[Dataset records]
****************************************

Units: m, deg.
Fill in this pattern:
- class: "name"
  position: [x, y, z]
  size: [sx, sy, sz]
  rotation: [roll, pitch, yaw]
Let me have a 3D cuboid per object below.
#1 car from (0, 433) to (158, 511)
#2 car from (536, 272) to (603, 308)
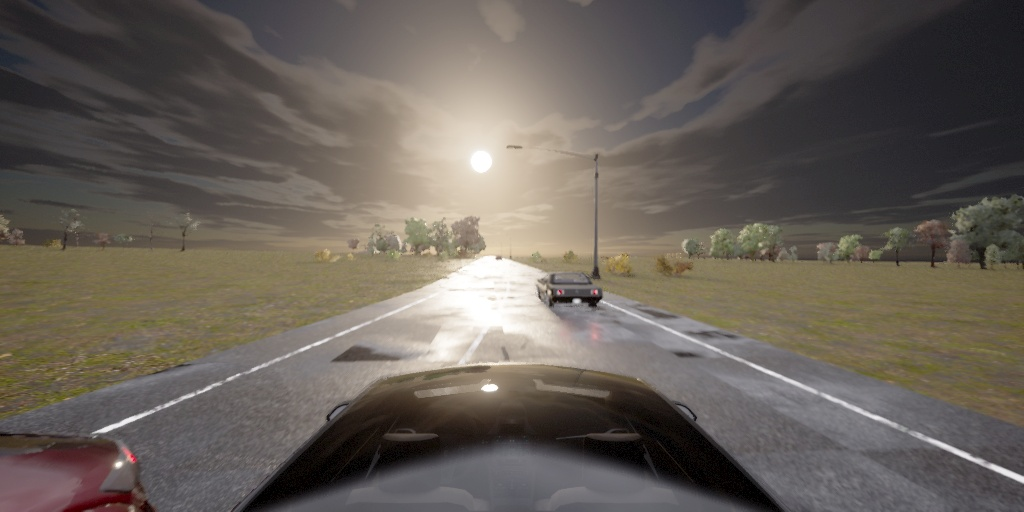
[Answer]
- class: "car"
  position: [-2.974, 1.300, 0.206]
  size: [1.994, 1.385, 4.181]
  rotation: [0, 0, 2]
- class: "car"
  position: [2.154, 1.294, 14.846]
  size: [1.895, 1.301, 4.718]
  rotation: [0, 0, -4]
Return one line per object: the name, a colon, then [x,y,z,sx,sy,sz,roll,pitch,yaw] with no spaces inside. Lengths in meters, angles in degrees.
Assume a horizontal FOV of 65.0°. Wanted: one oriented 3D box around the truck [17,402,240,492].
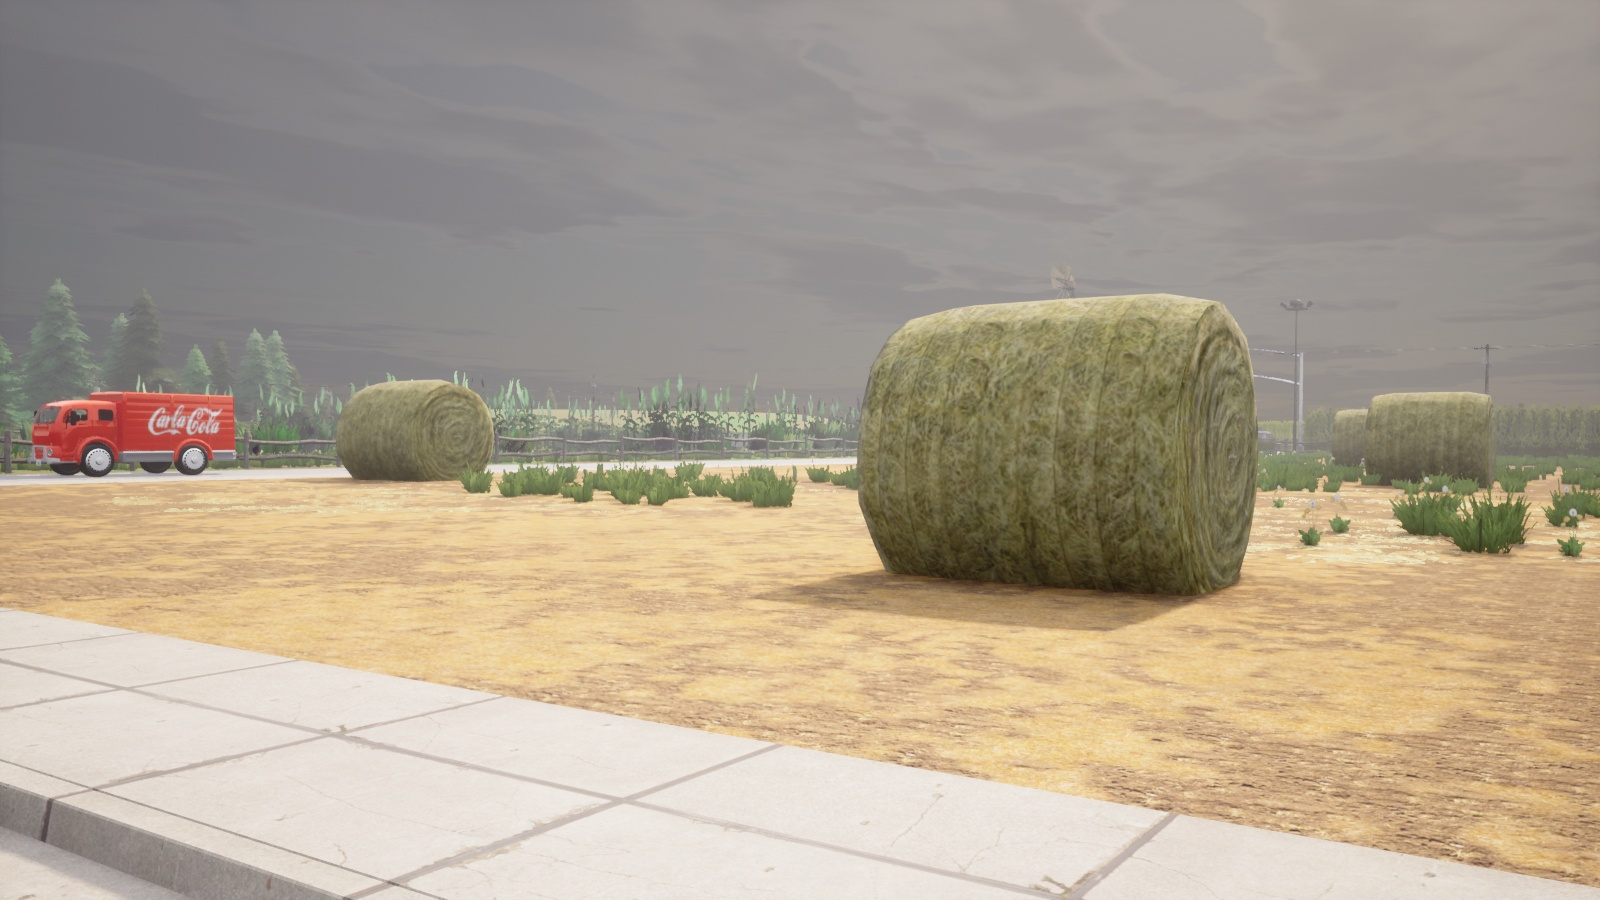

****************************************

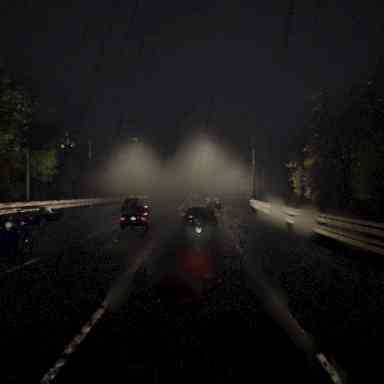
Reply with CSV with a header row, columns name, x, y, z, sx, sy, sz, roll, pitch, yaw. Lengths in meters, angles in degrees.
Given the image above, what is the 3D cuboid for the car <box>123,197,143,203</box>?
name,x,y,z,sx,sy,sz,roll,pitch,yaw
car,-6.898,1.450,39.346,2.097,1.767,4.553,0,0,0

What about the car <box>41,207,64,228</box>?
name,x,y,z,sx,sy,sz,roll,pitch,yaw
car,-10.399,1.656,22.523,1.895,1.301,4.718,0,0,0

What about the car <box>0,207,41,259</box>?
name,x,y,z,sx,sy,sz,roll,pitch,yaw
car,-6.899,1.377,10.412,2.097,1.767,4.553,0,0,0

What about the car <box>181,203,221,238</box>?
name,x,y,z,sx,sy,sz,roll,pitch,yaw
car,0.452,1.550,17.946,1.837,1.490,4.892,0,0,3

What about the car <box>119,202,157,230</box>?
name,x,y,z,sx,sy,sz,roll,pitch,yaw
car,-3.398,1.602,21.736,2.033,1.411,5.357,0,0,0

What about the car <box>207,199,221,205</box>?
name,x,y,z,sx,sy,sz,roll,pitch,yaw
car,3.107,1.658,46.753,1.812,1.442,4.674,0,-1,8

****************************************

- Brief -
Could you write out, exactly as they stand, only the lines above that begin at the line with "Return one line" and stop after the line with "Assume a horizontal"?

- Output -
Return one line per object: the name, a colon, then [x,y,z,sx,sy,sz,roll,pitch,yaw] with no spaces inside. Lengths in meters, angles in degrees.
Assume a horizontal FOV of 65.0°. Wanted: one oriented 3D box around the truck [17,402,240,492].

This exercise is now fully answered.